Poster Session and Coffee
Tuesday, December 4, 2018 - 2:30pm - 4:00pm
- Manufacturers' Assortment Planning and Pricing in A Competitive Two-Tier Supply Chain
Juan Xu (University of Illinois at Urbana-Champaign)
We consider assortment competition in a two-tier supply chain with multiple manufacturers and a single wholesaler. Each manufacturer chooses an assortment to supply to the wholesaler, and the latter sets market prices on these items and sells them to consumers. We consider both the case where the wholesale prices are fixed exogenously and the case where they are chosen by manufacturers to maximize their own profits. The division of manufacturers' market shares depends on the consumer choice formulated by the standard Multinomial Logit (MNL) model. By exploring the connection between manufacturers' profit functions with the classical assortment optimization problem with the MNL model, we are able to characterize the structure of a manufacturer's optimal response to other manufacturers' assortment and/or pricing decisions. Based on this characterization, we establish the existence of an equilibrium of the competition. Furthermore, we apply our results to a special case with two manufacturers, each of which has two products that differ by their margins and attraction factors to manufacturers' direct buyers. We show that in this competition, under a certain condition, each manufacturer is more likely to provide an assortment with a larger variety in a two-tier supply chain.
- Box Suite Recommendation
Stuart Rogers (University of Minnesota, Twin Cities)
E-commerce retailers such as Amazon, Walmart, and Target ship millions of orders to customers every day. Unfortunately, for some retailers, the boxes used to ship these orders are on average 50% or more empty! Choosing an optimal suite of boxes for shipping all these orders will minimize the volume of empty space shipped, thereby saving millions of dollars per year in shipping and material costs and reducing the carbon footprint of online retail. This poster presents an algorithm for recommending an optimal box suite based on a large set of historical customer orders.
- Robust Multi-product Newsvendor Model with Substitution under Cardinality-constrained Uncertainty Set
Jie Zhang (Virginia Polytechnic Institute and State University)
This paper studies Robust Multi-product Newsvendor Model with Substitution (R-MNMS), where the demand is stochastic and is subject to cardinality-constrained uncertainty set.

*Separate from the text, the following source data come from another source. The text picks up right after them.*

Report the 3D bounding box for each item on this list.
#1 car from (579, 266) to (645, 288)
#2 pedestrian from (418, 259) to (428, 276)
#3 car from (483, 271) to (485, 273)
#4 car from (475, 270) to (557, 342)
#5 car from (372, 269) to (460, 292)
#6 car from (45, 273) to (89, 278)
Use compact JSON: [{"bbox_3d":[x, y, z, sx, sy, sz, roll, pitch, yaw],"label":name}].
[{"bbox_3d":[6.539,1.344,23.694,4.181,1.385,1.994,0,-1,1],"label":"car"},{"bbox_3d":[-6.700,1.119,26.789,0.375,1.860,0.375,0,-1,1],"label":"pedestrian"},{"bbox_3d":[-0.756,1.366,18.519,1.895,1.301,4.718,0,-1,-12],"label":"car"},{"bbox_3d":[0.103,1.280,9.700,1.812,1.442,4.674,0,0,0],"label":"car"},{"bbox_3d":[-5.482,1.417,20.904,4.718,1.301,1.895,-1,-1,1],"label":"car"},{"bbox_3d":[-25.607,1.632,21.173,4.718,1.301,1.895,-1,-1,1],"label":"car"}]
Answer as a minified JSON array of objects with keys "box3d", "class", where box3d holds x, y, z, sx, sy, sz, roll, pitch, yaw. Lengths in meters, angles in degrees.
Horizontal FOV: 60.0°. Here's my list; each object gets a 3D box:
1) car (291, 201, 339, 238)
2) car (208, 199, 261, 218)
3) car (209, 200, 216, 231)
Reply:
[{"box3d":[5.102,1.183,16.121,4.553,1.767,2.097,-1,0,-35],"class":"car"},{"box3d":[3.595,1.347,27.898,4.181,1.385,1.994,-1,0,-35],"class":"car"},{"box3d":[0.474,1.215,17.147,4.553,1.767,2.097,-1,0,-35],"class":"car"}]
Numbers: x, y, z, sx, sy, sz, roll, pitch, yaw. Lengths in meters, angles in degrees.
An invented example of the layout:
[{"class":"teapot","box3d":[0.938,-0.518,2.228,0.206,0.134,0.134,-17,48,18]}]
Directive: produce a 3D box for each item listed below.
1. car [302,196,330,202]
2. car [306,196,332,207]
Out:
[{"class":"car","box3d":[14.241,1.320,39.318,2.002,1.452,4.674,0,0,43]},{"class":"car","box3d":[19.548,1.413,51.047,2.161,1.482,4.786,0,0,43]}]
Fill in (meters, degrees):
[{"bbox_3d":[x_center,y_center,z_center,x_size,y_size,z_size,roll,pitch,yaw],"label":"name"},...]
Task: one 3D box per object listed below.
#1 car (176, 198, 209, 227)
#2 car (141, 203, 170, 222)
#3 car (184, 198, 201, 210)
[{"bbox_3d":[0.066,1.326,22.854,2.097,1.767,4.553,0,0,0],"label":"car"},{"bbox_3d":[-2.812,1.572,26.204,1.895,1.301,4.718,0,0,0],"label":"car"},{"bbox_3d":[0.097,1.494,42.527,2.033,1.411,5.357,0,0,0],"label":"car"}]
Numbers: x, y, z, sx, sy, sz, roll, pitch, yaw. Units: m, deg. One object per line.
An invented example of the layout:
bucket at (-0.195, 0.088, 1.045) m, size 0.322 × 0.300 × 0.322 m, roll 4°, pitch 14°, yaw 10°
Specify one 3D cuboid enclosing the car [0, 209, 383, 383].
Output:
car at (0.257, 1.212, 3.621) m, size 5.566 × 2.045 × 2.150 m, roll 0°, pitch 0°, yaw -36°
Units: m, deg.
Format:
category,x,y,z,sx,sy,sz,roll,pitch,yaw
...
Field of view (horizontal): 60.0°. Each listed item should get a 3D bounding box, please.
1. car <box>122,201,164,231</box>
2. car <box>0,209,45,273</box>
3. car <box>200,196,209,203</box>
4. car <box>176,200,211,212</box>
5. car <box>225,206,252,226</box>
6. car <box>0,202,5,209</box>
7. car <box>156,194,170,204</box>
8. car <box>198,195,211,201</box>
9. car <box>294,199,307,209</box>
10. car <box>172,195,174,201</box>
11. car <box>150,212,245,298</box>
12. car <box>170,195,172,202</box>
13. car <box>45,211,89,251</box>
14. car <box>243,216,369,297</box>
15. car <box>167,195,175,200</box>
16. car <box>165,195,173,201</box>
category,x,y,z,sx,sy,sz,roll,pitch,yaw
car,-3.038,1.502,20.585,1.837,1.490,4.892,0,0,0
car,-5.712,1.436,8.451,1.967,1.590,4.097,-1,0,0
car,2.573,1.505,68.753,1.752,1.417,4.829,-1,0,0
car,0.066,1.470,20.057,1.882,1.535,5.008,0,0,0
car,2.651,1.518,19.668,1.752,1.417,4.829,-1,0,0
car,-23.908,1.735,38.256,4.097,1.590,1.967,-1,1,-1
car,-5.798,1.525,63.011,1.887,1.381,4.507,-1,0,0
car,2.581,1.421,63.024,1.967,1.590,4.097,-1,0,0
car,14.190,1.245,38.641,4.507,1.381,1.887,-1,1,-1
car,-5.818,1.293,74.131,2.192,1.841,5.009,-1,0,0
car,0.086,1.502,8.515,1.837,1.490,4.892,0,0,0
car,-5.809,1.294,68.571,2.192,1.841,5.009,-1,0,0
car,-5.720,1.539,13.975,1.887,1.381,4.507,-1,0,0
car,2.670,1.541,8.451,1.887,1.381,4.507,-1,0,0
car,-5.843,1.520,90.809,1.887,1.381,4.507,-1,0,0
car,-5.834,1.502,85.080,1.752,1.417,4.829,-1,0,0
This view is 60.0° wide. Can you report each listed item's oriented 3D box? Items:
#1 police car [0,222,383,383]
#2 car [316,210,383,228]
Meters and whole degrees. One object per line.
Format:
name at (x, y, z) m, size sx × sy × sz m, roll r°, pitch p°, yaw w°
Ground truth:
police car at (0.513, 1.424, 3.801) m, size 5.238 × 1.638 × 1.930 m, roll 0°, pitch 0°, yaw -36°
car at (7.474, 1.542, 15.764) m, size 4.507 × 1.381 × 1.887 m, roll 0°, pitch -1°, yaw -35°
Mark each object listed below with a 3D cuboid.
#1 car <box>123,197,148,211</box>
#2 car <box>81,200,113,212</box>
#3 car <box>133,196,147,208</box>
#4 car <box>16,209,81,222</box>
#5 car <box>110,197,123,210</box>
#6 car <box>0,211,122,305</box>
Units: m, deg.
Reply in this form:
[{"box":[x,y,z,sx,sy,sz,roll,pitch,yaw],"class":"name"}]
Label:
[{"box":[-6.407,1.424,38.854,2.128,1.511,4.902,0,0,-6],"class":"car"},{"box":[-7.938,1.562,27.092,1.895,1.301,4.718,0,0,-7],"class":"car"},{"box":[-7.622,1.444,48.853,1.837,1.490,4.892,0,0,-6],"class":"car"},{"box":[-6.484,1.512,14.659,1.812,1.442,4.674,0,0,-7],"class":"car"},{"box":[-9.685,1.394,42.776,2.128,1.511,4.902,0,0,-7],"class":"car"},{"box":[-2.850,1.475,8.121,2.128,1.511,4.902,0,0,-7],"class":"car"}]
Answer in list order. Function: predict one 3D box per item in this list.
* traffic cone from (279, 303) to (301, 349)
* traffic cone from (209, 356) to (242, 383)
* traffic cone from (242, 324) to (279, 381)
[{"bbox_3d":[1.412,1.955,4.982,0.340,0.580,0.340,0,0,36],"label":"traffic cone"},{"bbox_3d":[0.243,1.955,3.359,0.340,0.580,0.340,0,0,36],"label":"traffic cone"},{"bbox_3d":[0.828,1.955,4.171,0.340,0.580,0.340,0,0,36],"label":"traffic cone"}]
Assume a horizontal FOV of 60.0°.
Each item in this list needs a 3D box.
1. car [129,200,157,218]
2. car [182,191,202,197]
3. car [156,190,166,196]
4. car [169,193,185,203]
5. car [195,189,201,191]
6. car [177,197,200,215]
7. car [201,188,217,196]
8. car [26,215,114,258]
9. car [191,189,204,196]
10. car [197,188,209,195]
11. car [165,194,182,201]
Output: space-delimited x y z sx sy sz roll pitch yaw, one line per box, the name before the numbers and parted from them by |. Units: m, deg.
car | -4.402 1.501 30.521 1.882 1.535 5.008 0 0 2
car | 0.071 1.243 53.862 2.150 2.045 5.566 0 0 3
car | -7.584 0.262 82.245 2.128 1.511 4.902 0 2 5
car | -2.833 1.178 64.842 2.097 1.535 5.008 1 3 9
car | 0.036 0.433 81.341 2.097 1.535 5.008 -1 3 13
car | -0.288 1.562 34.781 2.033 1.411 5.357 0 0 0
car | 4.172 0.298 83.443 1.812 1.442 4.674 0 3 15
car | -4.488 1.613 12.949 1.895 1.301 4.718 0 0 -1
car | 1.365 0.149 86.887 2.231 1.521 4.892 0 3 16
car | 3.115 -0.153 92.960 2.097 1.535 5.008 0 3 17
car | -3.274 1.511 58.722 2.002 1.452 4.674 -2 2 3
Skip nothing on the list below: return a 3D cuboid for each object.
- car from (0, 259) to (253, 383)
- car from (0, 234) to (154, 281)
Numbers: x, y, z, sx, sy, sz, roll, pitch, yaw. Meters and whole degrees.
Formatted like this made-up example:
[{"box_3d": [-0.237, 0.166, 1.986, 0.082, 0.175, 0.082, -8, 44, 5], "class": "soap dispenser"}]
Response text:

The goal of this work is to determine the optimal order quantities of multiple products to maximize the worst-case total profit. To achieve this, we first show that for given order quantities, computing the worst-case total profit in general is NP-hard. Therefore, we derive the closed-form optimal solutions for the following three special cases: (1) if there are only two products, (2) if there is no substitution among different products, and (3) if the budget of uncertainty is equal to the number of products. For a general R-MNMS, we formulate it as a mixed integer linear program with an exponential number of constraints, and develop a branch and cut algorithm to solve it. For large-scale problem instances, we further propose a conservative approximation of R-MNMS and prove that under some certain conditions, this conservative approximation yields an exact optimal solution to R-MNMS. The numerical study demonstrates the effectiveness of the proposed approaches and the robustness of our model.